■ Problem ■
A complete copy of the entries, exactly as written, is the expected result.

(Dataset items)

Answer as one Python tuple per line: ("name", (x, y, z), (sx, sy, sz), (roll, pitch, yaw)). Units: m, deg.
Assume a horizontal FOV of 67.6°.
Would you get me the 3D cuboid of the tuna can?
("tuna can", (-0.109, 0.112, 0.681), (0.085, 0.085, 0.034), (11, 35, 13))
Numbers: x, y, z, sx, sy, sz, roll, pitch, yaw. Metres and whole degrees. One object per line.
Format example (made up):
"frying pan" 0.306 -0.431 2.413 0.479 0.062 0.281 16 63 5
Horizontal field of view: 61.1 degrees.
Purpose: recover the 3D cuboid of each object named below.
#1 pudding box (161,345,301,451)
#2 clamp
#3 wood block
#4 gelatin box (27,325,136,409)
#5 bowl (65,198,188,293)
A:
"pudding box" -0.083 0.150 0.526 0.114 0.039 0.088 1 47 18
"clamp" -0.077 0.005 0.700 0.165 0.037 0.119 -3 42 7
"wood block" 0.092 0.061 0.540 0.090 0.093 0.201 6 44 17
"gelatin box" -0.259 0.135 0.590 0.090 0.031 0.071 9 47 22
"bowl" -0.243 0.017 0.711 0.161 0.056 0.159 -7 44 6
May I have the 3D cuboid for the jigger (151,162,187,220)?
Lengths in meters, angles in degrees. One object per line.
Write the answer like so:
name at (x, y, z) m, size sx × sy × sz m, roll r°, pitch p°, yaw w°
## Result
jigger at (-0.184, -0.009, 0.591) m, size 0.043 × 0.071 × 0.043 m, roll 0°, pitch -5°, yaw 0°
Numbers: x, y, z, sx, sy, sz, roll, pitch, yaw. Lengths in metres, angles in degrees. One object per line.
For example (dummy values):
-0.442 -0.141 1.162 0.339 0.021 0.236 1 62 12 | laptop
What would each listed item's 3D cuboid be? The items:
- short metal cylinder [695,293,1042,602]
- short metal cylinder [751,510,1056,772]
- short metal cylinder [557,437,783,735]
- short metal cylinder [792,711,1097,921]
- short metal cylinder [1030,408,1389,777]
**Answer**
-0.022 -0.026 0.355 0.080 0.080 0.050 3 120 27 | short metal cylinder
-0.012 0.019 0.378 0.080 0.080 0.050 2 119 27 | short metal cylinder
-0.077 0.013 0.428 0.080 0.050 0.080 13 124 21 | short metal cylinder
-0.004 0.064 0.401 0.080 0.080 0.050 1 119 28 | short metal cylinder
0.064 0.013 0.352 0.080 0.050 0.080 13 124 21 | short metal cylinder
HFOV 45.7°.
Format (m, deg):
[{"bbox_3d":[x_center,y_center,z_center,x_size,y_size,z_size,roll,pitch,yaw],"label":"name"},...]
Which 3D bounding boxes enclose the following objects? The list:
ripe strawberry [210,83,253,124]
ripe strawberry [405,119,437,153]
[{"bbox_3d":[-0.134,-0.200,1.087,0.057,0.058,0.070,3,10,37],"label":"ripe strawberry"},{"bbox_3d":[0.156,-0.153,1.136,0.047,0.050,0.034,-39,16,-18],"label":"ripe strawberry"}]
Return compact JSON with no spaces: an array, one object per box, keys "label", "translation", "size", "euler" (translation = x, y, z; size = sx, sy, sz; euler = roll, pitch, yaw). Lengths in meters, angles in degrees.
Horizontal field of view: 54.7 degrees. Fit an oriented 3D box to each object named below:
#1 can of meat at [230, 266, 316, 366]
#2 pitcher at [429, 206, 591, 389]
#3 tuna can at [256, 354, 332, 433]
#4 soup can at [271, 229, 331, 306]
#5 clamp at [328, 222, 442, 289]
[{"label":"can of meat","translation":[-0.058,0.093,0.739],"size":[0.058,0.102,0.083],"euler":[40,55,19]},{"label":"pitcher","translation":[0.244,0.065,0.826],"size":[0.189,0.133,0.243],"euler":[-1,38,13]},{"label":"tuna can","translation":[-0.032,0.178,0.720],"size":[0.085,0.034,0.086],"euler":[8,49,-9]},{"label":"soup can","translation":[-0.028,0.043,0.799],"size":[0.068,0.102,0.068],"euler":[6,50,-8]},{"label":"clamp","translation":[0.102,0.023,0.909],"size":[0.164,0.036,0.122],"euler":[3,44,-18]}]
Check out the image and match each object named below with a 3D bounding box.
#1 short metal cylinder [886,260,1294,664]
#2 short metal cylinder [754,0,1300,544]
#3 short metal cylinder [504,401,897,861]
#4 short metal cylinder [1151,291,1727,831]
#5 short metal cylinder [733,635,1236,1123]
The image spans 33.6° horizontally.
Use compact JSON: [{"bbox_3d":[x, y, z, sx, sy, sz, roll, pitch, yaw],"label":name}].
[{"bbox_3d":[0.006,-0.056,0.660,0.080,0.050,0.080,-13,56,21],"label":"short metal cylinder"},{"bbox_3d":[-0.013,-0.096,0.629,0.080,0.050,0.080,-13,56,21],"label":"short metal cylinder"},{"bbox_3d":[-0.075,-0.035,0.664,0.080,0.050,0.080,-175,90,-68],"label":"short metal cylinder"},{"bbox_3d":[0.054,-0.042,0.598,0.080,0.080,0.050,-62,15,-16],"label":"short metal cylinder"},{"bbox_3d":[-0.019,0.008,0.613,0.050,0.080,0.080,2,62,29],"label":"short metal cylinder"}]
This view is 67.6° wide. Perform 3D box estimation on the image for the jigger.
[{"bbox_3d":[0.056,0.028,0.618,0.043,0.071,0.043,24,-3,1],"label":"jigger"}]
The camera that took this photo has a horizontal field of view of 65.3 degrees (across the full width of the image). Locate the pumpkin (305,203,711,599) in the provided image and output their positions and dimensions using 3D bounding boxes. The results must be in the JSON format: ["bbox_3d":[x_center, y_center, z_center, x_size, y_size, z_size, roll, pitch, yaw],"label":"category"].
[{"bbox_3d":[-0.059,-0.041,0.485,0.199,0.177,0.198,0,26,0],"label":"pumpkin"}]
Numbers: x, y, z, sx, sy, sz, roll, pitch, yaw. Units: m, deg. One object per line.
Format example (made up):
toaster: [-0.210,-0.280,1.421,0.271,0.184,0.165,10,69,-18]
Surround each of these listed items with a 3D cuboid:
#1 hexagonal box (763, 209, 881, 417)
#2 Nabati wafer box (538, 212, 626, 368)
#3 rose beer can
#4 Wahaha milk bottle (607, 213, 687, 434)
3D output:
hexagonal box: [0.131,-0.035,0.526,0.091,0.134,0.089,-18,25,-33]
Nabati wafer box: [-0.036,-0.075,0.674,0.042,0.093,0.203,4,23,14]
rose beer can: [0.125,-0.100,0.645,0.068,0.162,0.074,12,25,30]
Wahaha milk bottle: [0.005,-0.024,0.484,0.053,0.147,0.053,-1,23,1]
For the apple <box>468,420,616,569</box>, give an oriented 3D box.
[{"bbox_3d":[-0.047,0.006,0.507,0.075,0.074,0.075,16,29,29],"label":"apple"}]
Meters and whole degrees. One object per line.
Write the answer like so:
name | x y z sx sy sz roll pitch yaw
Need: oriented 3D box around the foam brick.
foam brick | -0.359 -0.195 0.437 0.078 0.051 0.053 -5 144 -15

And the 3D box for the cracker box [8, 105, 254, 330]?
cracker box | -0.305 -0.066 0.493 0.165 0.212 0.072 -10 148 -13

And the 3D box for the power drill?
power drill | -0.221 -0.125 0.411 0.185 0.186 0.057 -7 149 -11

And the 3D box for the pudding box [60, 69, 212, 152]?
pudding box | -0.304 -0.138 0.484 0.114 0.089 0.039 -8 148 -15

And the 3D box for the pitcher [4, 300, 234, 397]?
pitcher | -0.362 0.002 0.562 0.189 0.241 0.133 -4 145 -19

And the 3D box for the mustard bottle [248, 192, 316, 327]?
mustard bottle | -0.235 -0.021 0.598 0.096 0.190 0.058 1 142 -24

■ Written solution ■
Answer as one Python tuple per line: ("name", (x, y, z), (sx, sy, sz), (roll, pitch, yaw)). Units: m, deg.
Assume a horizontal FOV of 67.6°.
Would you get me the 3D cuboid of the tuna can?
("tuna can", (-0.109, 0.112, 0.681), (0.085, 0.085, 0.034), (11, 35, 13))
Numbers: x, y, z, sx, sy, sz, roll, pitch, yaw. Metres and whole degrees. One object per line.
Format example (made up):
"frying pan" 0.306 -0.431 2.413 0.479 0.062 0.281 16 63 5
Horizontal field of view: 61.1 degrees.
Purpose: recover the 3D cuboid of each object named below.
#1 pudding box (161,345,301,451)
#2 clamp
#3 wood block
#4 gelatin box (27,325,136,409)
#5 bowl (65,198,188,293)
A:
"pudding box" -0.083 0.150 0.526 0.114 0.039 0.088 1 47 18
"clamp" -0.077 0.005 0.700 0.165 0.037 0.119 -3 42 7
"wood block" 0.092 0.061 0.540 0.090 0.093 0.201 6 44 17
"gelatin box" -0.259 0.135 0.590 0.090 0.031 0.071 9 47 22
"bowl" -0.243 0.017 0.711 0.161 0.056 0.159 -7 44 6
May I have the 3D cuboid for the jigger (151,162,187,220)?
Lengths in meters, angles in degrees. One object per line.
Write the answer like so:
name at (x, y, z) m, size sx × sy × sz m, roll r°, pitch p°, yaw w°
## Result
jigger at (-0.184, -0.009, 0.591) m, size 0.043 × 0.071 × 0.043 m, roll 0°, pitch -5°, yaw 0°
Numbers: x, y, z, sx, sy, sz, roll, pitch, yaw. Lengths in metres, angles in degrees. One object per line.
For example (dummy values):
-0.442 -0.141 1.162 0.339 0.021 0.236 1 62 12 | laptop
What would each listed item's 3D cuboid be? The items:
- short metal cylinder [695,293,1042,602]
- short metal cylinder [751,510,1056,772]
- short metal cylinder [557,437,783,735]
- short metal cylinder [792,711,1097,921]
- short metal cylinder [1030,408,1389,777]
**Answer**
-0.022 -0.026 0.355 0.080 0.080 0.050 3 120 27 | short metal cylinder
-0.012 0.019 0.378 0.080 0.080 0.050 2 119 27 | short metal cylinder
-0.077 0.013 0.428 0.080 0.050 0.080 13 124 21 | short metal cylinder
-0.004 0.064 0.401 0.080 0.080 0.050 1 119 28 | short metal cylinder
0.064 0.013 0.352 0.080 0.050 0.080 13 124 21 | short metal cylinder
HFOV 45.7°.
Format (m, deg):
[{"bbox_3d":[x_center,y_center,z_center,x_size,y_size,z_size,roll,pitch,yaw],"label":"name"},...]
Which 3D bounding boxes enclose the following objects? The list:
ripe strawberry [210,83,253,124]
ripe strawberry [405,119,437,153]
[{"bbox_3d":[-0.134,-0.200,1.087,0.057,0.058,0.070,3,10,37],"label":"ripe strawberry"},{"bbox_3d":[0.156,-0.153,1.136,0.047,0.050,0.034,-39,16,-18],"label":"ripe strawberry"}]
Return compact JSON with no spaces: an array, one object per box, keys "label", "translation", "size", "euler" (translation = x, y, z; size = sx, sy, sz; euler = roll, pitch, yaw). Lengths in meters, angles in degrees.
Horizontal field of view: 54.7 degrees. Fit an oriented 3D box to each object named below:
#1 can of meat at [230, 266, 316, 366]
#2 pitcher at [429, 206, 591, 389]
#3 tuna can at [256, 354, 332, 433]
#4 soup can at [271, 229, 331, 306]
#5 clamp at [328, 222, 442, 289]
[{"label":"can of meat","translation":[-0.058,0.093,0.739],"size":[0.058,0.102,0.083],"euler":[40,55,19]},{"label":"pitcher","translation":[0.244,0.065,0.826],"size":[0.189,0.133,0.243],"euler":[-1,38,13]},{"label":"tuna can","translation":[-0.032,0.178,0.720],"size":[0.085,0.034,0.086],"euler":[8,49,-9]},{"label":"soup can","translation":[-0.028,0.043,0.799],"size":[0.068,0.102,0.068],"euler":[6,50,-8]},{"label":"clamp","translation":[0.102,0.023,0.909],"size":[0.164,0.036,0.122],"euler":[3,44,-18]}]
Check out the image and match each object named below with a 3D bounding box.
#1 short metal cylinder [886,260,1294,664]
#2 short metal cylinder [754,0,1300,544]
#3 short metal cylinder [504,401,897,861]
#4 short metal cylinder [1151,291,1727,831]
#5 short metal cylinder [733,635,1236,1123]
The image spans 33.6° horizontally.
Use compact JSON: [{"bbox_3d":[x, y, z, sx, sy, sz, roll, pitch, yaw],"label":name}].
[{"bbox_3d":[0.006,-0.056,0.660,0.080,0.050,0.080,-13,56,21],"label":"short metal cylinder"},{"bbox_3d":[-0.013,-0.096,0.629,0.080,0.050,0.080,-13,56,21],"label":"short metal cylinder"},{"bbox_3d":[-0.075,-0.035,0.664,0.080,0.050,0.080,-175,90,-68],"label":"short metal cylinder"},{"bbox_3d":[0.054,-0.042,0.598,0.080,0.080,0.050,-62,15,-16],"label":"short metal cylinder"},{"bbox_3d":[-0.019,0.008,0.613,0.050,0.080,0.080,2,62,29],"label":"short metal cylinder"}]
This view is 67.6° wide. Perform 3D box estimation on the image for the jigger.
[{"bbox_3d":[0.056,0.028,0.618,0.043,0.071,0.043,24,-3,1],"label":"jigger"}]
The camera that took this photo has a horizontal field of view of 65.3 degrees (across the full width of the image). Locate the pumpkin (305,203,711,599) in the provided image and output their positions and dimensions using 3D bounding boxes. The results must be in the JSON format: ["bbox_3d":[x_center, y_center, z_center, x_size, y_size, z_size, roll, pitch, yaw],"label":"category"].
[{"bbox_3d":[-0.059,-0.041,0.485,0.199,0.177,0.198,0,26,0],"label":"pumpkin"}]
Numbers: x, y, z, sx, sy, sz, roll, pitch, yaw. Units: m, deg. One object per line.
Format example (made up):
toaster: [-0.210,-0.280,1.421,0.271,0.184,0.165,10,69,-18]
Surround each of these listed items with a 3D cuboid:
#1 hexagonal box (763, 209, 881, 417)
#2 Nabati wafer box (538, 212, 626, 368)
#3 rose beer can
#4 Wahaha milk bottle (607, 213, 687, 434)
3D output:
hexagonal box: [0.131,-0.035,0.526,0.091,0.134,0.089,-18,25,-33]
Nabati wafer box: [-0.036,-0.075,0.674,0.042,0.093,0.203,4,23,14]
rose beer can: [0.125,-0.100,0.645,0.068,0.162,0.074,12,25,30]
Wahaha milk bottle: [0.005,-0.024,0.484,0.053,0.147,0.053,-1,23,1]
For the apple <box>468,420,616,569</box>, give an oriented 3D box.
[{"bbox_3d":[-0.047,0.006,0.507,0.075,0.074,0.075,16,29,29],"label":"apple"}]
Meters and whole degrees. One object per line.
Write the answer like so:
name | x y z sx sy sz roll pitch yaw
Need: oriented 3D box around the foam brick.
foam brick | -0.359 -0.195 0.437 0.078 0.051 0.053 -5 144 -15

And the 3D box for the cracker box [8, 105, 254, 330]?
cracker box | -0.305 -0.066 0.493 0.165 0.212 0.072 -10 148 -13

And the 3D box for the power drill?
power drill | -0.221 -0.125 0.411 0.185 0.186 0.057 -7 149 -11

And the 3D box for the pudding box [60, 69, 212, 152]?
pudding box | -0.304 -0.138 0.484 0.114 0.089 0.039 -8 148 -15

And the 3D box for the pitcher [4, 300, 234, 397]?
pitcher | -0.362 0.002 0.562 0.189 0.241 0.133 -4 145 -19

And the 3D box for the mustard bottle [248, 192, 316, 327]?
mustard bottle | -0.235 -0.021 0.598 0.096 0.190 0.058 1 142 -24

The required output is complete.